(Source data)
══════════════════════════════

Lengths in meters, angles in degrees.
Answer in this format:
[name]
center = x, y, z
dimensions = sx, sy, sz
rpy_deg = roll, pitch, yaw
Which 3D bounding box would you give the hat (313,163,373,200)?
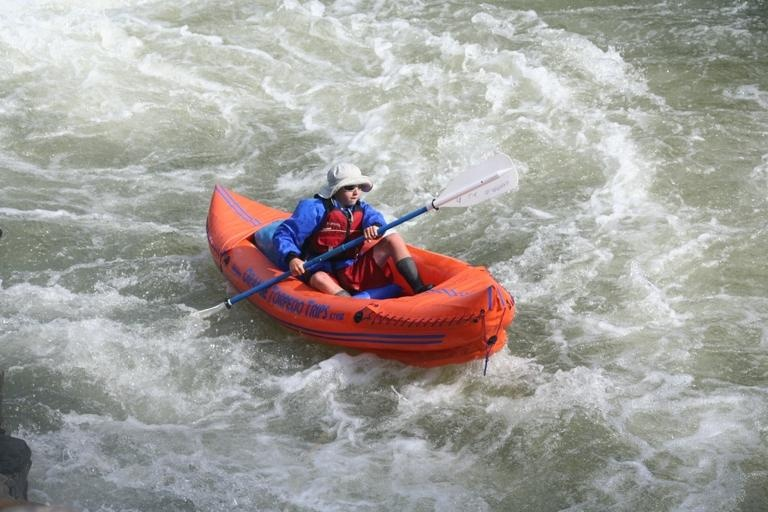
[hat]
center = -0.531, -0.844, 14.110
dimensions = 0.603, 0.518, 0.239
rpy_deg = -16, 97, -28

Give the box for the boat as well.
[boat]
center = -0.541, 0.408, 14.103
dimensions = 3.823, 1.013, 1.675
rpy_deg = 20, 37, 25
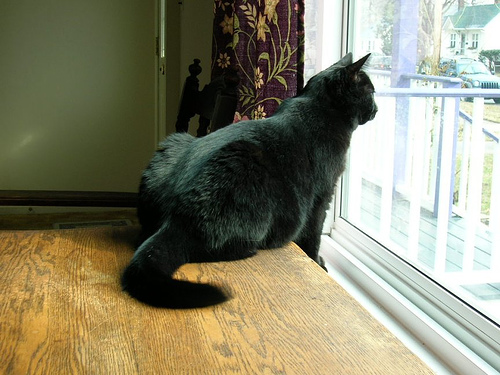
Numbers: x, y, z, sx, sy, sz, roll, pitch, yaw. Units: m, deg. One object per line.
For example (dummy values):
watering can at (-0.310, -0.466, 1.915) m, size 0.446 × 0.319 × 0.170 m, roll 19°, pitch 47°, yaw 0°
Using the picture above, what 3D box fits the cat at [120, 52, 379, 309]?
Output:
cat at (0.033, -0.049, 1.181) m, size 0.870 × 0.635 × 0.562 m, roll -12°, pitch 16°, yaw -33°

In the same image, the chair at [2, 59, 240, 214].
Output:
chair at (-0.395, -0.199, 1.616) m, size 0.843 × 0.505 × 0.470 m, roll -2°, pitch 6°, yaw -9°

══════════════════════════════

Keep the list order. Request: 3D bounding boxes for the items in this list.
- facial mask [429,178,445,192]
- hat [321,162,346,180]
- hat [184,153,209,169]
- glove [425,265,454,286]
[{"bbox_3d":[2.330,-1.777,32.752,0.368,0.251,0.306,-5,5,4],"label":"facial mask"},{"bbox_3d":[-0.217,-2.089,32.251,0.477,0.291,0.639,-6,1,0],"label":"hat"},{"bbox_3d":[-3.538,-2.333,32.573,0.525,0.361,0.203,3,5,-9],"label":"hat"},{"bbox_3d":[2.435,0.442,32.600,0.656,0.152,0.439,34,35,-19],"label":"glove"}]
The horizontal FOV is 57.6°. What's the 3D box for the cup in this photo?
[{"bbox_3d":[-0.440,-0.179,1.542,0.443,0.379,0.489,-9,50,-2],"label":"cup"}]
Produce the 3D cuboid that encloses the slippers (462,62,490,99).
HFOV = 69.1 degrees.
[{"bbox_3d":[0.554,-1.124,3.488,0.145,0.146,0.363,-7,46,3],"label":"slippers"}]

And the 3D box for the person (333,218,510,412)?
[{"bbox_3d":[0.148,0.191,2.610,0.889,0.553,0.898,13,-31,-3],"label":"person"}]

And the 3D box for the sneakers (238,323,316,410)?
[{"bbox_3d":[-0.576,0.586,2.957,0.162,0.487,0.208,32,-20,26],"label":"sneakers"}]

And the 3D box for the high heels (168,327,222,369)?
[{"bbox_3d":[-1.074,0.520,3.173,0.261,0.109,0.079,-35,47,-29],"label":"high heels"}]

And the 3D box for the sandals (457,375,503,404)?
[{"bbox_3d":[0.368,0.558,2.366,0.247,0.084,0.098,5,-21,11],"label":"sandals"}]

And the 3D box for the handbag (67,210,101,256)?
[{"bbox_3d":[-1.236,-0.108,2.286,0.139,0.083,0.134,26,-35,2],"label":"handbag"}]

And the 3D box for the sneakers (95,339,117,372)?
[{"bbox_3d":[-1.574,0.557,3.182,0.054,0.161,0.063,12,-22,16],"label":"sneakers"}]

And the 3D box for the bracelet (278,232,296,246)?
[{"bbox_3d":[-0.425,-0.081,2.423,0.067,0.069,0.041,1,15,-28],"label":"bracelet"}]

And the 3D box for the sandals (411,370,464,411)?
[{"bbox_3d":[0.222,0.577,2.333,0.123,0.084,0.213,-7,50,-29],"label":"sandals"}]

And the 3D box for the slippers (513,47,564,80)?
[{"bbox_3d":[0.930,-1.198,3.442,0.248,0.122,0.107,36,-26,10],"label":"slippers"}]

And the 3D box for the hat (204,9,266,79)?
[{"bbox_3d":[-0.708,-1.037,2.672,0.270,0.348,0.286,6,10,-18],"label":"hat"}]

══════════════════════════════

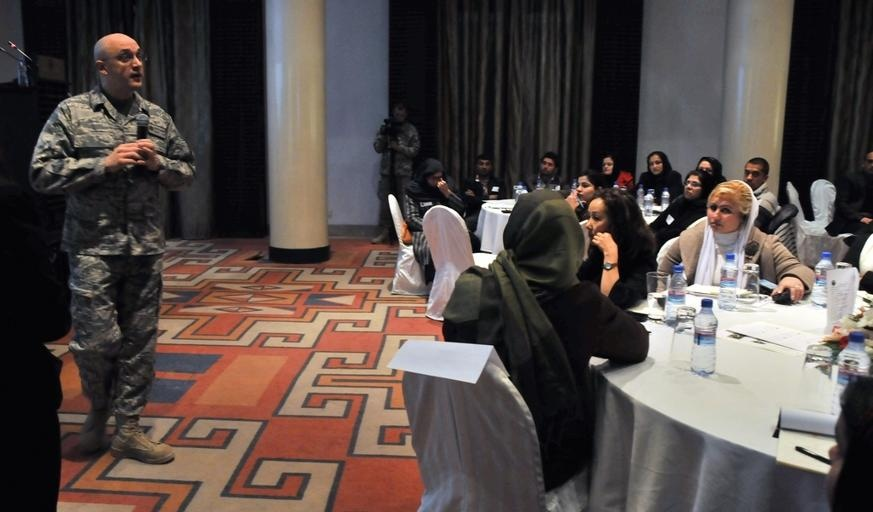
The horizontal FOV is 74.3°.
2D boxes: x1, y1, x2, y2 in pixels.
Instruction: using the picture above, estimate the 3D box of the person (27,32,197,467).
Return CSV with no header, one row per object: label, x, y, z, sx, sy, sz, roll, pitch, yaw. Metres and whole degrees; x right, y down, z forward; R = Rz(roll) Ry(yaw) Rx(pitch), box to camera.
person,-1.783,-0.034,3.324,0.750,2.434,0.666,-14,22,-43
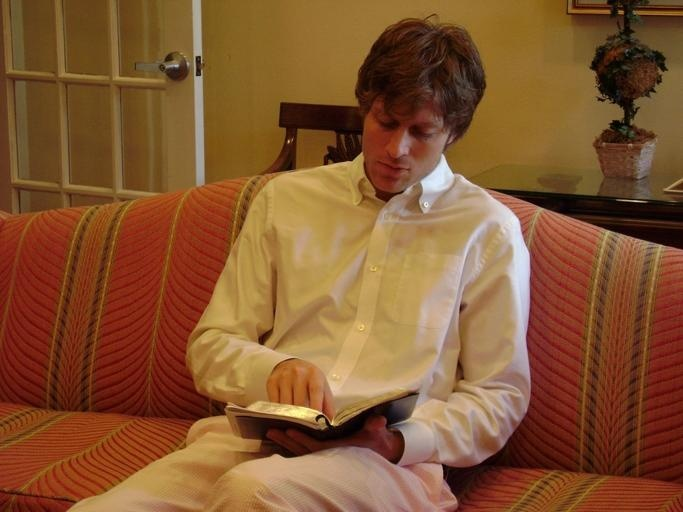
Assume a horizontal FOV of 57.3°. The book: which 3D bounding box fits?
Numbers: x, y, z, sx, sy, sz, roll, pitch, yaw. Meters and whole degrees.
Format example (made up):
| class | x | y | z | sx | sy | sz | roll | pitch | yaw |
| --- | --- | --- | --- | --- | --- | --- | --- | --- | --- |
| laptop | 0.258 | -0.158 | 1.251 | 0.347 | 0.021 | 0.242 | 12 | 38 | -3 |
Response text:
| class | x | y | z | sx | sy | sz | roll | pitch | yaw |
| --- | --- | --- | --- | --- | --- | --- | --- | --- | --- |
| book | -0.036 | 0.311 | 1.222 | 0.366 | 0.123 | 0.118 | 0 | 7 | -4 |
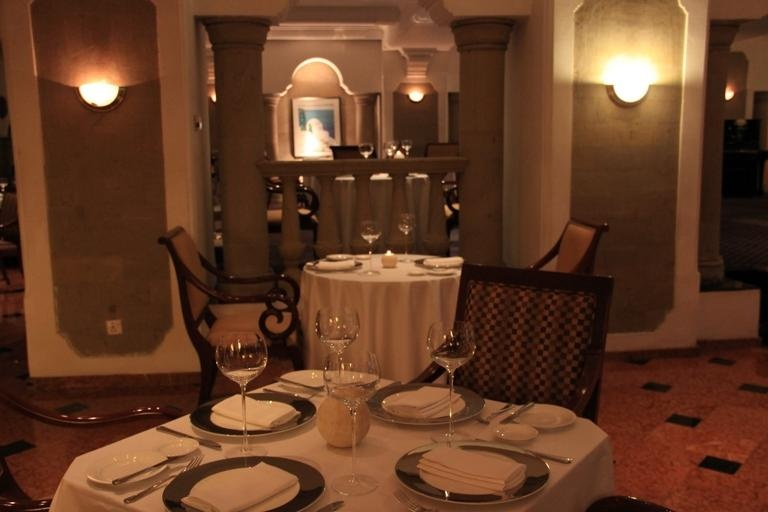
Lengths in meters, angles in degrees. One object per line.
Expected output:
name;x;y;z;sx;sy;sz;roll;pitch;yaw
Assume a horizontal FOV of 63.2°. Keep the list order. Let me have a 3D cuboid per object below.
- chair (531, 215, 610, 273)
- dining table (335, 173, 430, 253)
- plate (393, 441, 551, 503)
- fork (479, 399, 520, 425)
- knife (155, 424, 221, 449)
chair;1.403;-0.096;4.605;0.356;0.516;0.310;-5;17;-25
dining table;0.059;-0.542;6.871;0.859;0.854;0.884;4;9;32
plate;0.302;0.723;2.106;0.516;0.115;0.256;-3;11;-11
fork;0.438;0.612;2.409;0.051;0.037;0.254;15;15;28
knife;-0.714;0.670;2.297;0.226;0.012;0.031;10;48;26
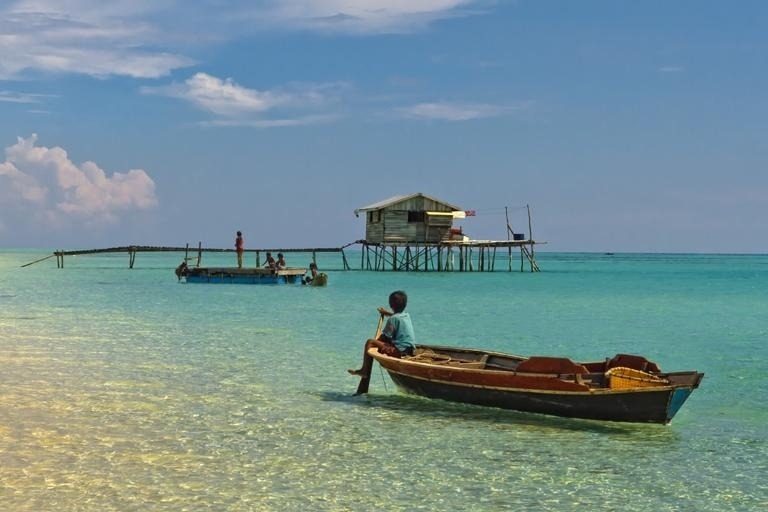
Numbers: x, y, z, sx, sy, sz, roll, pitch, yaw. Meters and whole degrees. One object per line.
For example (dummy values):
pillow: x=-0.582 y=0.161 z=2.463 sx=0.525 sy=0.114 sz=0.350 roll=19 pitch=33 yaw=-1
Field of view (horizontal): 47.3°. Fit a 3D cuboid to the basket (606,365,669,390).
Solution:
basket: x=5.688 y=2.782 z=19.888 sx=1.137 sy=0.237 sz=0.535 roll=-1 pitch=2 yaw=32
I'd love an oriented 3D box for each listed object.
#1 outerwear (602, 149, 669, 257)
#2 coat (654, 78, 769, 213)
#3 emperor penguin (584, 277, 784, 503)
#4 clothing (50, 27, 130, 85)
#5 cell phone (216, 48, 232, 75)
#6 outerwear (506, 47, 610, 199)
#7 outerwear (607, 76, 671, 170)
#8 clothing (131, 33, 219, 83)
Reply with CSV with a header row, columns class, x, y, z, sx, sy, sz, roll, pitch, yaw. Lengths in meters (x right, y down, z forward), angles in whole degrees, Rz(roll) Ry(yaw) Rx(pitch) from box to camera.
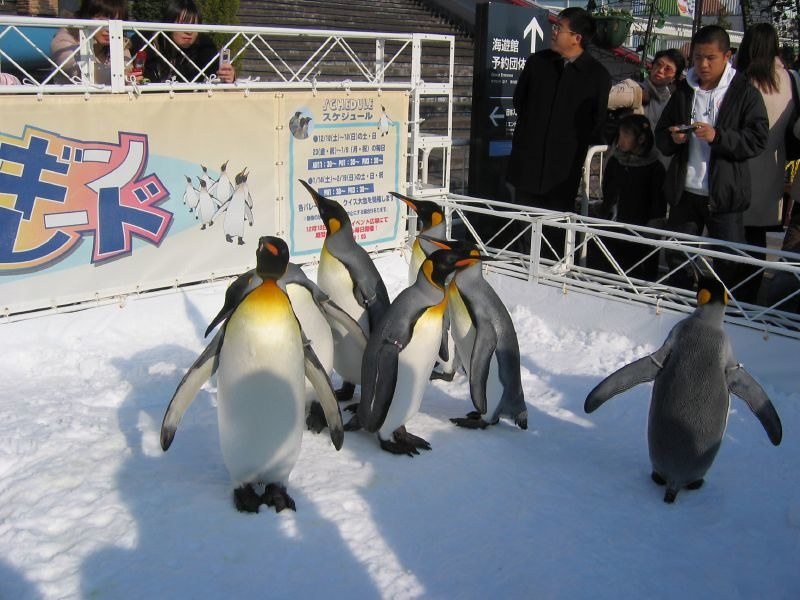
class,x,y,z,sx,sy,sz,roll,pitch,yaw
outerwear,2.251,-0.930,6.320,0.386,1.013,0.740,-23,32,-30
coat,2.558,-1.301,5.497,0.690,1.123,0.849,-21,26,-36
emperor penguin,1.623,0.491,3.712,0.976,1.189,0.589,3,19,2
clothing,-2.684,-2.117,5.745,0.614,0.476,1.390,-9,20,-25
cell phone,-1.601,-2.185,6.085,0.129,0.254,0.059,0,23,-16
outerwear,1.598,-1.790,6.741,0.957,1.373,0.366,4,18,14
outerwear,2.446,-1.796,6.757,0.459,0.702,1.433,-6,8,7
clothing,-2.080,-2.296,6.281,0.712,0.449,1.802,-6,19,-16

══════════════════════════════

Only the lines of the data holding the string "cuboid" are wanted; copy each of them.

Produce the 3D cuboid that encloses the slippers (462,62,490,99).
Assume a horizontal FOV of 63.2°. Keep the list order. Let me have a 3D cuboid per object below.
Field of view (horizontal): 47.3°. Fit a 3D cuboid to the basket (606,365,669,390).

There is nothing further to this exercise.